夏の期間は1カ月くらい滞在して撮影しましたが、冬は2日間にギュッと詰めて撮らせていただきました。私は温かい肌着を中に着こんだり、靴下を重ねて防寒対策をとりましたが、それでも感覚がなくなるくらい寒かったです。当時の方はそういうもの(温かな肌着や靴下など)がない中で生活していたと思うと、本当にどうやって生きていたんだろうと不思議でなりませんでした。ただ、1つ驚いたことがあって。冬のシーンで履いている藁(わら)だけで作られたブーツは、当時のものと同じように作っていただいたのですが、不思議なことに雪や水滴が一切中に入ってこないんです。靴下も全然濡れない。当時の生活の知恵や技術の凄さには本当に驚きました。あんなに長時間歩いて、これほど入って来ないものかと。
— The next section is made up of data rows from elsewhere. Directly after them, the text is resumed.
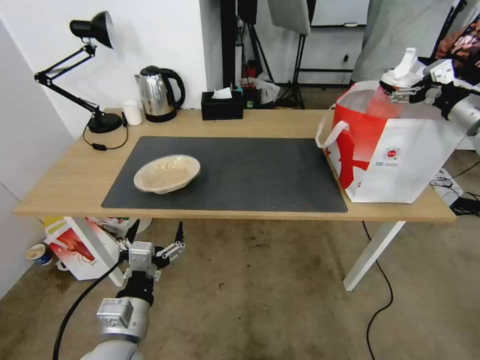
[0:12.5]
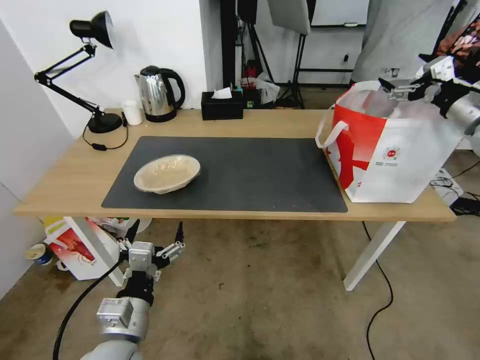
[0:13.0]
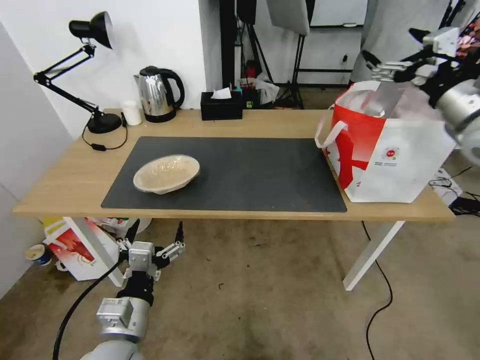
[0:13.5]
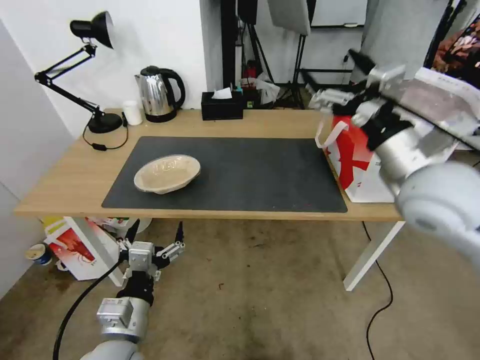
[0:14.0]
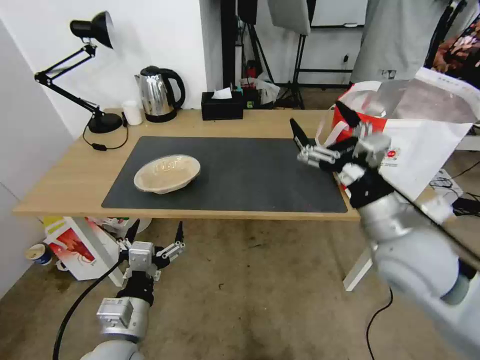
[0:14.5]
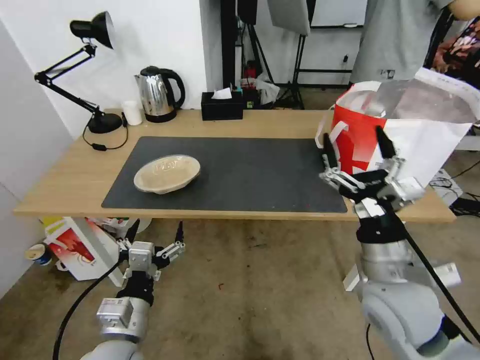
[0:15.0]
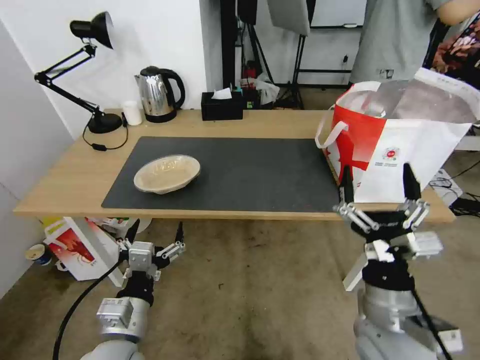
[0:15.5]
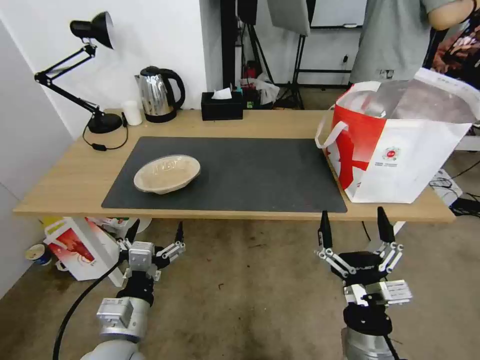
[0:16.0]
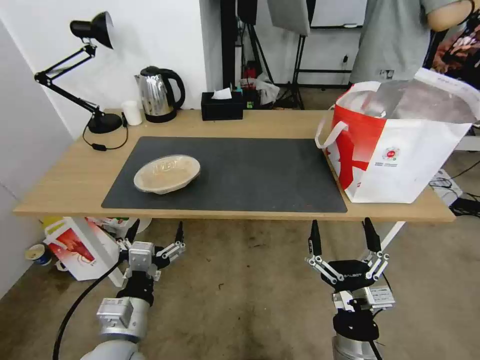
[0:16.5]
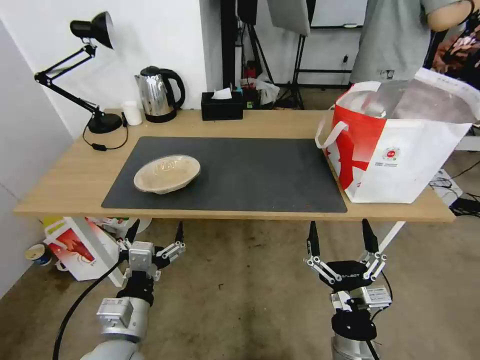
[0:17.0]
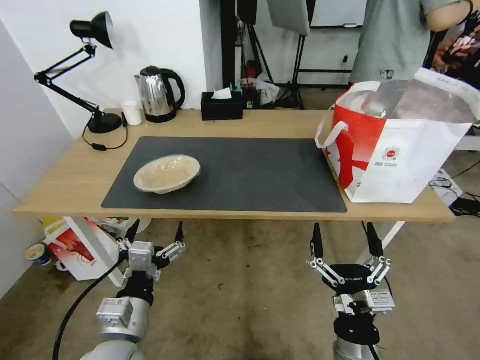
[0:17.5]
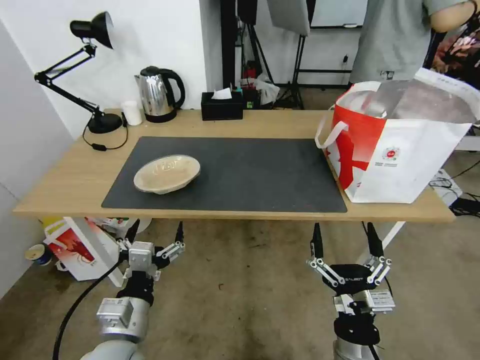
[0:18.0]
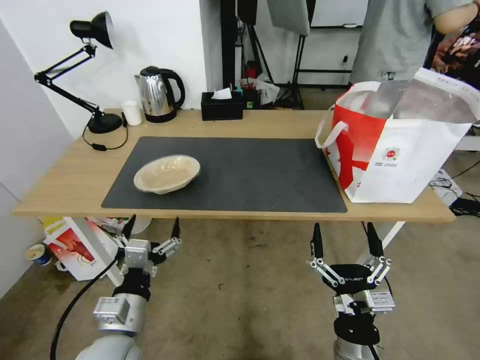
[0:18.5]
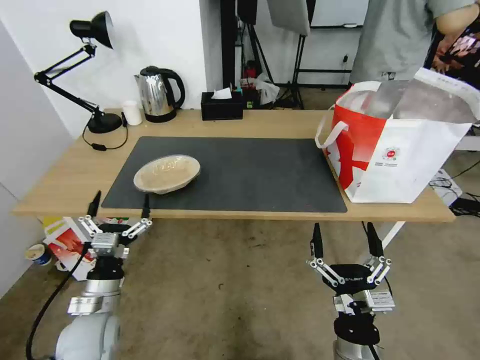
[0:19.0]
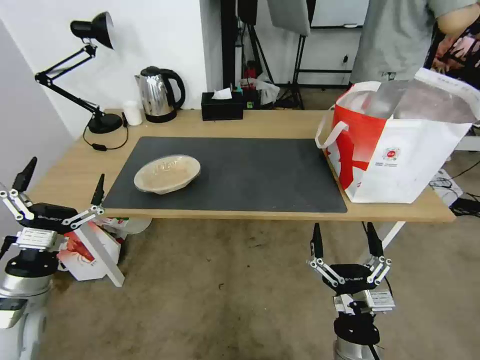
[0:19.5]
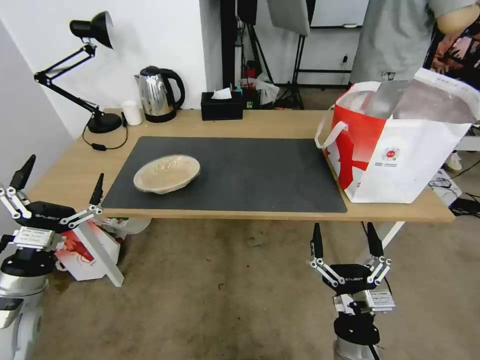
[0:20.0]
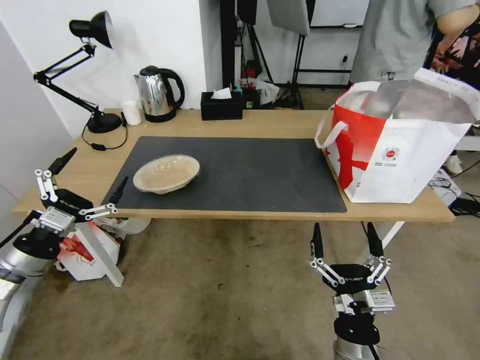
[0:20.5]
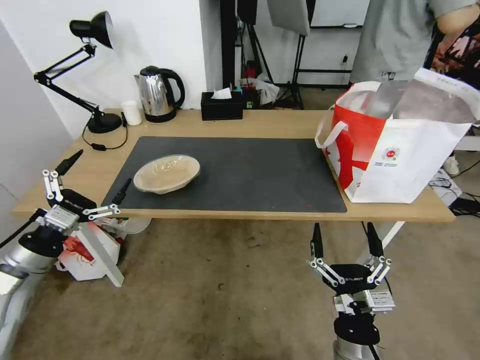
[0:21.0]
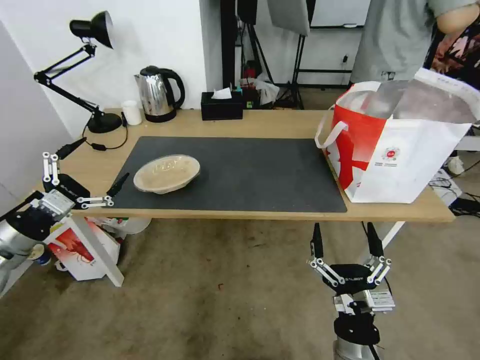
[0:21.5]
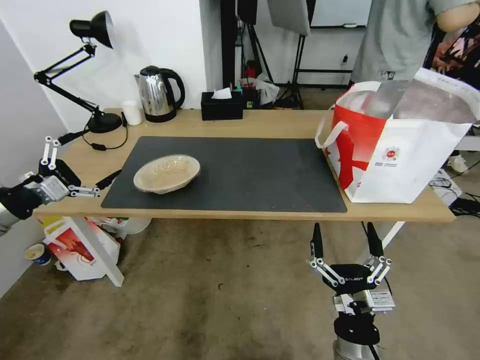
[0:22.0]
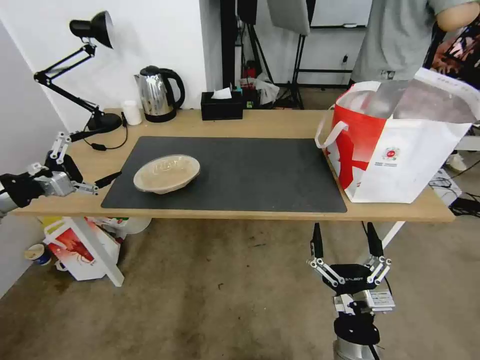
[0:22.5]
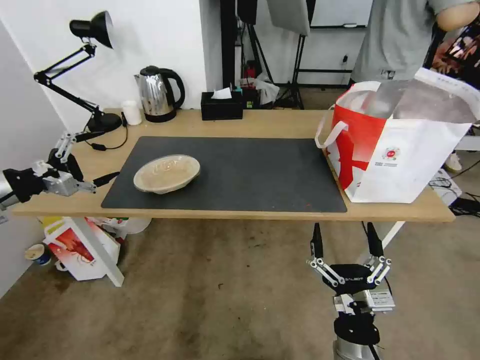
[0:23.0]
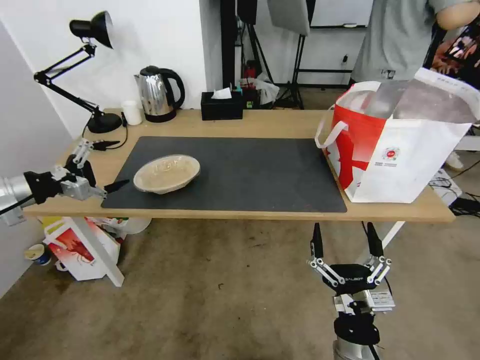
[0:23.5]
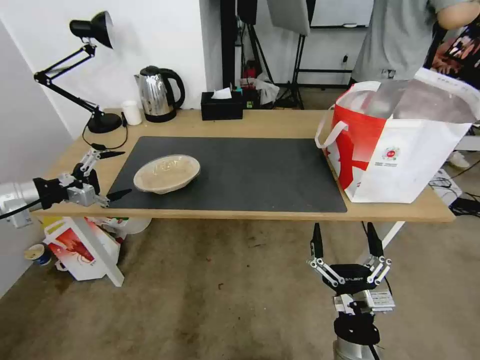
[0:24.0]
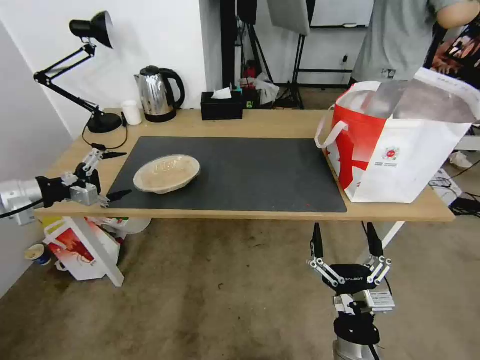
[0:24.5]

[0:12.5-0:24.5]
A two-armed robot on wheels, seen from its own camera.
Task of the whole recording: Pick up the trash from the table and place it into the takeout bag.
12.5 to 14.5 s: The right gripper is displaced to the left and backward by approximately 30 cm.
14.5 to 16.5 s: The right gripper is displaced downward and backward by about 25 cm.
16.5 to 18.5 s: The grippers move only a little.
18.5 to 20.5 s: The left gripper goes approximately 20 cm to the left.
20.5 to 22.5 s: The left gripper travels upward, forward and to the left by approximately 15 cm.
22.5 to 24.5 s: There are only small adjustments of the grippers.

これは実際に体験してみないとわからないことでしたね。

― アイヌ語はもちろんのこと、実在された方をモデルにしたテルを演じる上で、特に難しかったことは?

この作品は難しい挑戦の連続でしたが、まず役作りをする上で、監督が「テルと知里幸惠さんは別のものだから、あくまで映画の中でテルとして感じたことを演じて欲しい」と仰ってくださいました。ただベースとして知里幸惠さんがいらっしゃるので、色々と学ばせていただきました。遺されてきたものを見ていると、考え方とか私とは全然違う凄くカッコ良くて憧れる方だなと思っていたんです。勉強のために北海道登別市にある「知里幸惠 銀のしずく記念館」という幸惠さんを通してアイヌの文化を伝える記念館を訪ねたのですが、館長さんに説明を受けながら、19歳らしい恋をしている知里さんのお話や、ご家族の微笑ましいエピソードをお伺いしたときに、共感できる部分を見つけることができて、そこで自分の役に対する考え方が変わっていきました。単にカッコいい人というだけでなく、同年代らしい部分があってもいいんだなと思えて安心しました。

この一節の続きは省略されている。